> _Task goal_
Repeat the records below verbatim, and do not copy their pictures.
[Data section]
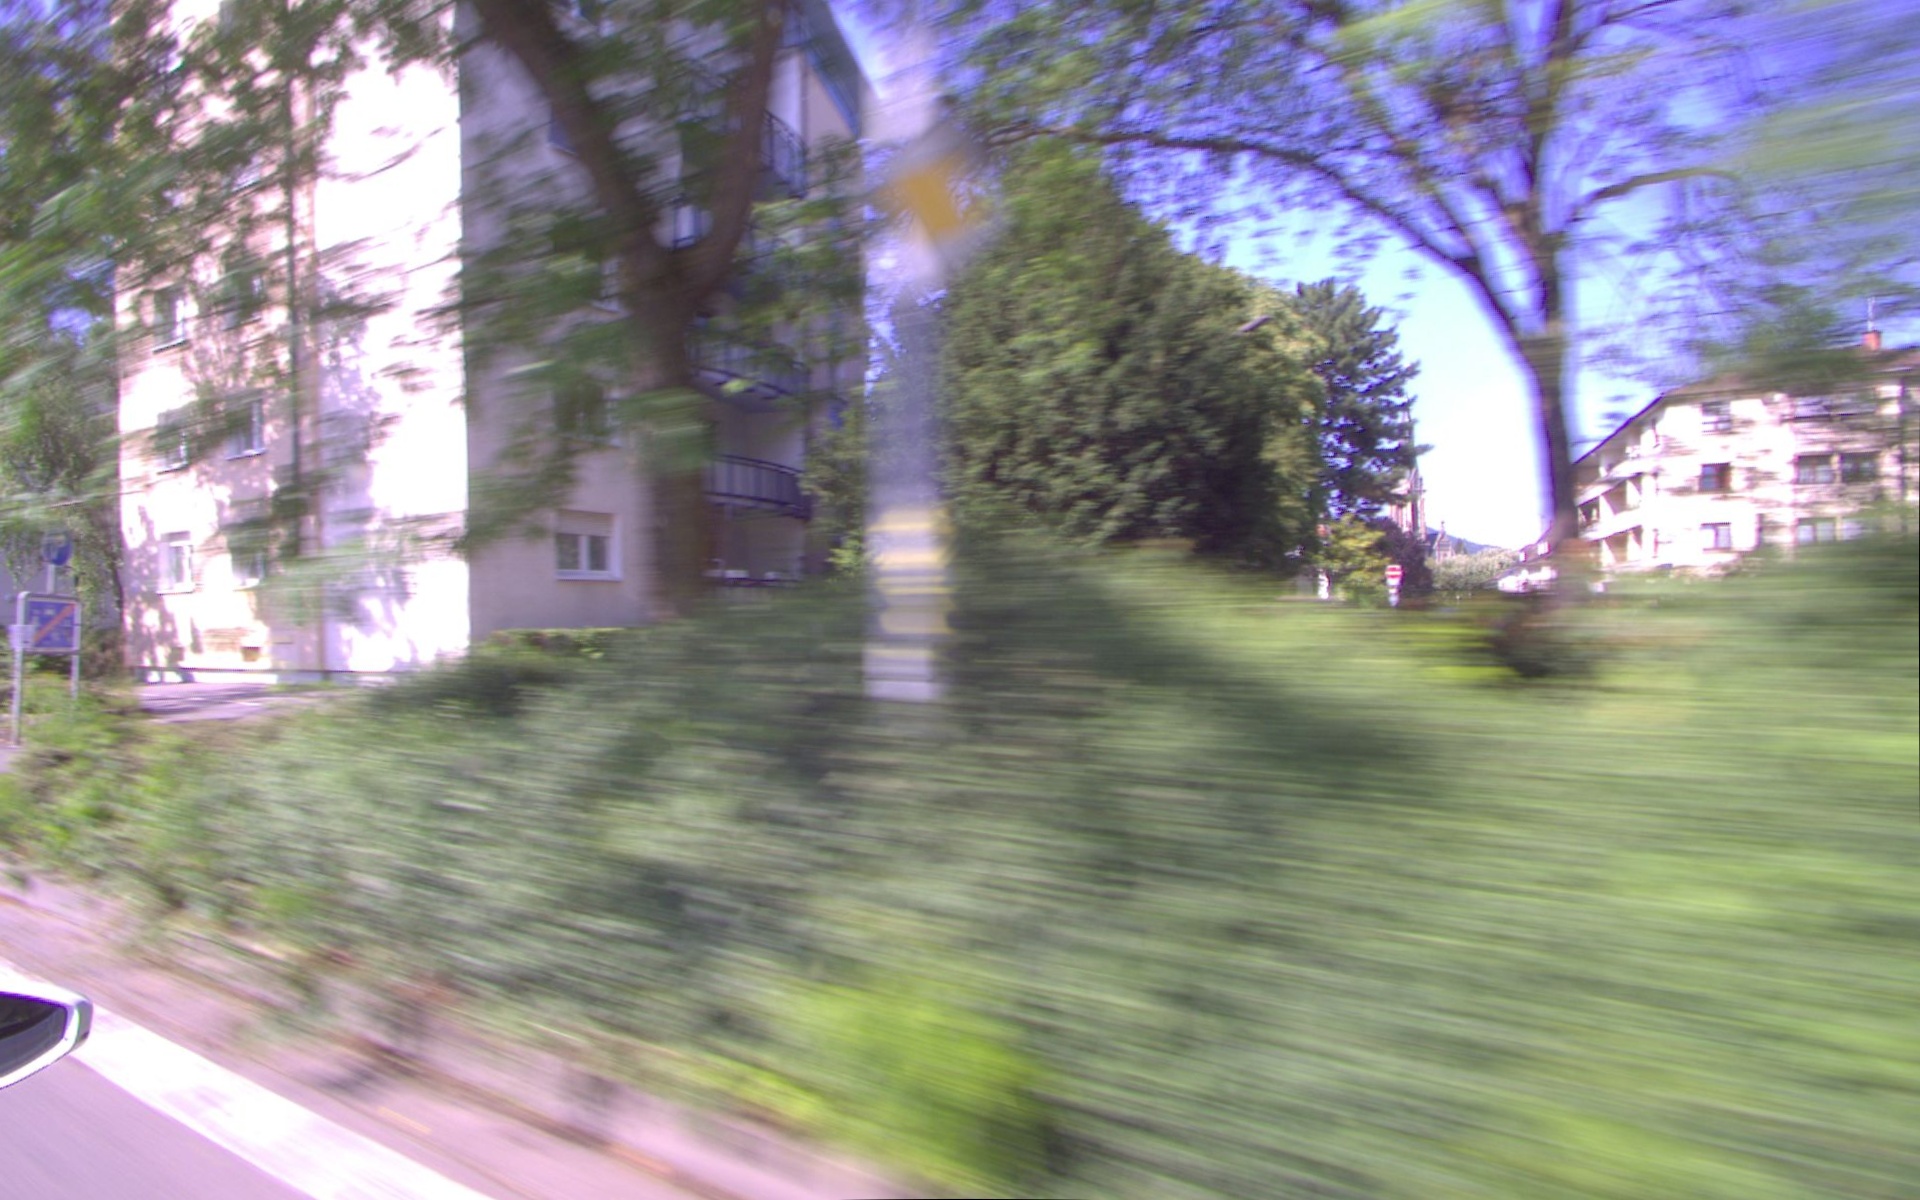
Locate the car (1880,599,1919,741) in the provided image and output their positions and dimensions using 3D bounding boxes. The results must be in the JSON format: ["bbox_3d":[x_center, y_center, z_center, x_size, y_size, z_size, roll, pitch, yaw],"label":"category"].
[{"bbox_3d":[11.031,0.756,9.742,1.810,1.568,3.961,0,-1,23],"label":"car"}]

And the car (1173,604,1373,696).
[{"bbox_3d":[6.300,0.937,20.114,3.790,1.696,1.655,0,0,-27],"label":"car"}]

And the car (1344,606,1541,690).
[{"bbox_3d":[10.682,1.001,22.132,4.145,1.695,1.781,0,-1,-27],"label":"car"}]
[/Data section]
> _Solution_
Locate the car (1880,599,1919,741) in the provided image and output their positions and dimensions using 3D bounding boxes. The results must be in the JSON format: ["bbox_3d":[x_center, y_center, z_center, x_size, y_size, z_size, roll, pitch, yaw],"label":"category"].
[{"bbox_3d":[11.031,0.756,9.742,1.810,1.568,3.961,0,-1,23],"label":"car"}]

And the car (1173,604,1373,696).
[{"bbox_3d":[6.300,0.937,20.114,3.790,1.696,1.655,0,0,-27],"label":"car"}]

And the car (1344,606,1541,690).
[{"bbox_3d":[10.682,1.001,22.132,4.145,1.695,1.781,0,-1,-27],"label":"car"}]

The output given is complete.